Gate Optimization via Efficient Two-Qubit Benchmarking for NV Centers in Diamond

TL;DR

This paper introduces an efficient measurement method for two-qubit gate performance in NV centers, enabling closed-loop optimization with significantly fewer measurements than traditional techniques, thus improving quantum gate fidelity.

Contribution

It presents a novel, measurement-efficient approach for two-qubit gate benchmarking in NV centers, facilitating closed-loop optimization with reduced experimental overhead.

Findings

Reduces measurement requirements by two orders of magnitude compared to process tomography.

Enables effective closed-loop gate optimization using a simple performance metric.

Demonstrates the method's effectiveness through numerical simulations in realistic settings.

Abstract

High-fidelity gate implementation requires sophisticated control pulses that steer the quantum system to undergo the desired transformation.
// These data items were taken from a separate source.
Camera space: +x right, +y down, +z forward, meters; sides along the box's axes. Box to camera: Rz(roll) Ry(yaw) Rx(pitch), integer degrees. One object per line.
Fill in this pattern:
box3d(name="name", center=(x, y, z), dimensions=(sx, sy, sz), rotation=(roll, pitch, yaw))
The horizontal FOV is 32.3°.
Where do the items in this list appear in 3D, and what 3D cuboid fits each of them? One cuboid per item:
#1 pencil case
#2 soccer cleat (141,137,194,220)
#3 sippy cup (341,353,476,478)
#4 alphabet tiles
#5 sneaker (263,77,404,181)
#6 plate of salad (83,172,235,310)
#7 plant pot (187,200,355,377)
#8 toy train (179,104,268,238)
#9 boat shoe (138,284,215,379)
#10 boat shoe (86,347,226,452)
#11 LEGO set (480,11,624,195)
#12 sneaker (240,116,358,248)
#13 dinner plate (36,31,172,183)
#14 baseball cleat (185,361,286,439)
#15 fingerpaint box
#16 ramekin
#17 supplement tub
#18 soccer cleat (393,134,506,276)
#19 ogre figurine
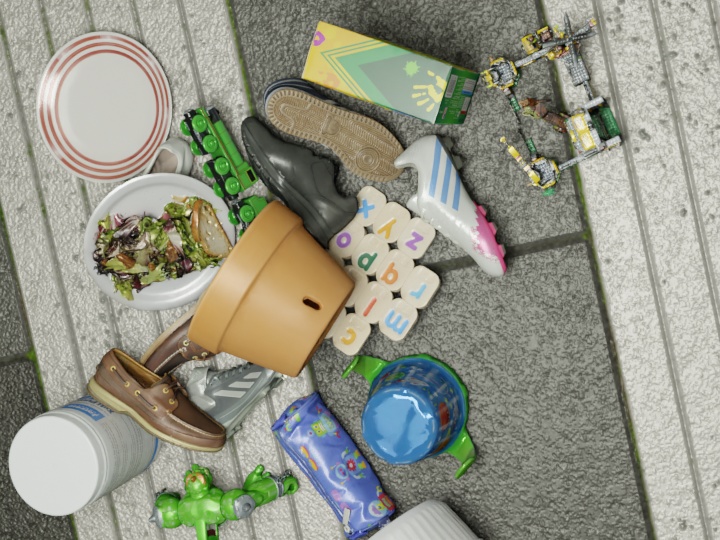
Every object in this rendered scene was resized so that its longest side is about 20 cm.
box3d(name="pencil case", center=(-0.036, 0.258, 1.615), dimensions=(0.078, 0.087, 0.201), rotation=(-39, 84, 36))
box3d(name="soccer cleat", center=(-0.273, -0.079, 1.646), dimensions=(0.069, 0.078, 0.202), rotation=(19, 100, 12))
box3d(name="sippy cup", center=(0.060, 0.182, 1.559), dimensions=(0.176, 0.130, 0.141), rotation=(5, 96, 14))
box3d(name="alphabet tiles", center=(0.000, 0.000, 1.591), dimensions=(0.199, 0.015, 0.197), rotation=(33, 88, 19))
box3d(name="sneaker", center=(-0.037, -0.184, 1.587), dimensions=(0.199, 0.109, 0.071), rotation=(26, 100, -20))
box3d(name="plate of salad", center=(-0.258, -0.030, 1.614), dimensions=(0.198, 0.048, 0.202), rotation=(-9, 122, -14))
box3d(name="plant pot", center=(-0.099, 0.037, 1.512), dimensions=(0.139, 0.200, 0.201), rotation=(34, 102, 3))
box3d(name="toy train", center=(-0.166, -0.124, 1.602), dimensions=(0.042, 0.056, 0.201), rotation=(-7, 115, 50))
box3d(name="boat shoe", center=(-0.211, 0.083, 1.649), dimensions=(0.200, 0.070, 0.070), rotation=(-45, 80, 14))
box3d(name="boat shoe", center=(-0.260, 0.170, 1.616), dimensions=(0.199, 0.072, 0.068), rotation=(28, 104, 8))
box3d(name="LEGO set", center=(0.230, -0.195, 1.484), dimensions=(0.152, 0.116, 0.202), rotation=(-15, 91, 15))
box3d(name="sneaker", center=(-0.079, -0.125, 1.602), dimensions=(0.090, 0.076, 0.201), rotation=(-37, 81, -6))
box3d(name="dinner plate", center=(-0.344, -0.220, 1.679), dimensions=(0.198, 0.024, 0.203), rotation=(2, 96, 15))
box3d(name="baseball cleat", center=(-0.166, 0.145, 1.645), dimensions=(0.106, 0.070, 0.200), rotation=(42, 103, 7))
box3d(name="fingerpaint box", center=(0.041, -0.232, 1.487), dimensions=(0.165, 0.200, 0.074), rotation=(21, 101, 11))
box3d(name="ramekin", center=(0.057, 0.369, 1.550), dimensions=(0.202, 0.202, 0.095), rotation=(-41, 74, 14))
box3d(name="supplement tub", center=(-0.356, 0.233, 1.634), dimensions=(0.130, 0.200, 0.134), rotation=(1, 96, 14))
box3d(name="soccer cleat", center=(0.110, -0.071, 1.550), dimensions=(0.086, 0.070, 0.201), rotation=(-27, 80, -1))
box3d(name="ogre figurine", center=(-0.191, 0.305, 1.641), dimensions=(0.198, 0.120, 0.099), rotation=(10, 98, 13))
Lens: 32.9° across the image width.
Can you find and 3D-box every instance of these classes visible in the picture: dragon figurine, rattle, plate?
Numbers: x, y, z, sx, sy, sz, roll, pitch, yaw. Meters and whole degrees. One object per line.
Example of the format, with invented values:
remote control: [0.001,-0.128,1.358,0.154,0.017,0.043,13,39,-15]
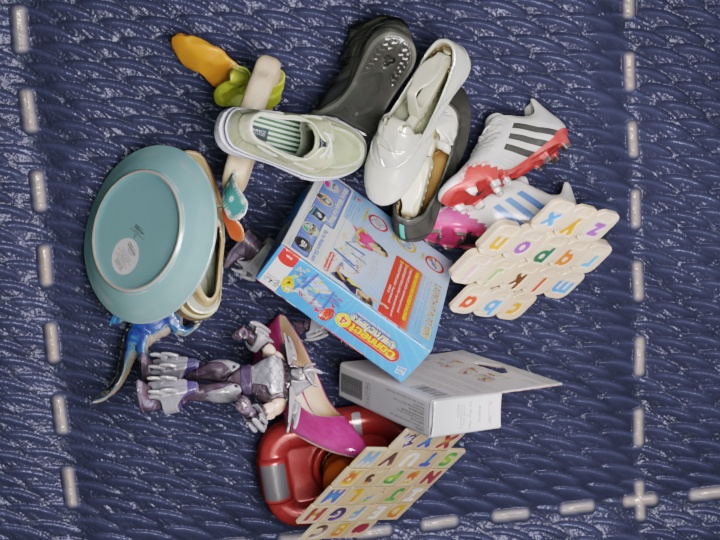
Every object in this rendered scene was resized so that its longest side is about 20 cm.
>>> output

Quantum Optimal Control allows to derive these control pulses in an open-loop fashion based on numerical simulations. However, their precision can be limited by incomplete knowledge of the system. Closed-loop optimization overcomes this limitation by incorporating feedback from measurements, provided a suitable and efficient measure of the gate performance can be defined. In this article, we present an efficient method to evaluate the performance of a two-qubit gate by preparation and measurement of only two quantum states, enabling experimental closed-loop optimization with a metric previously believed to be limited to open-loop control. We tailor the approach to nitrogen-vacancy centers in diamond and, through numerical simulations, demonstrate how the method can optimize a two-qubit gate while reducing the number of required measurements by two orders of magnitude compared to standard process tomography under realistic experimental settings.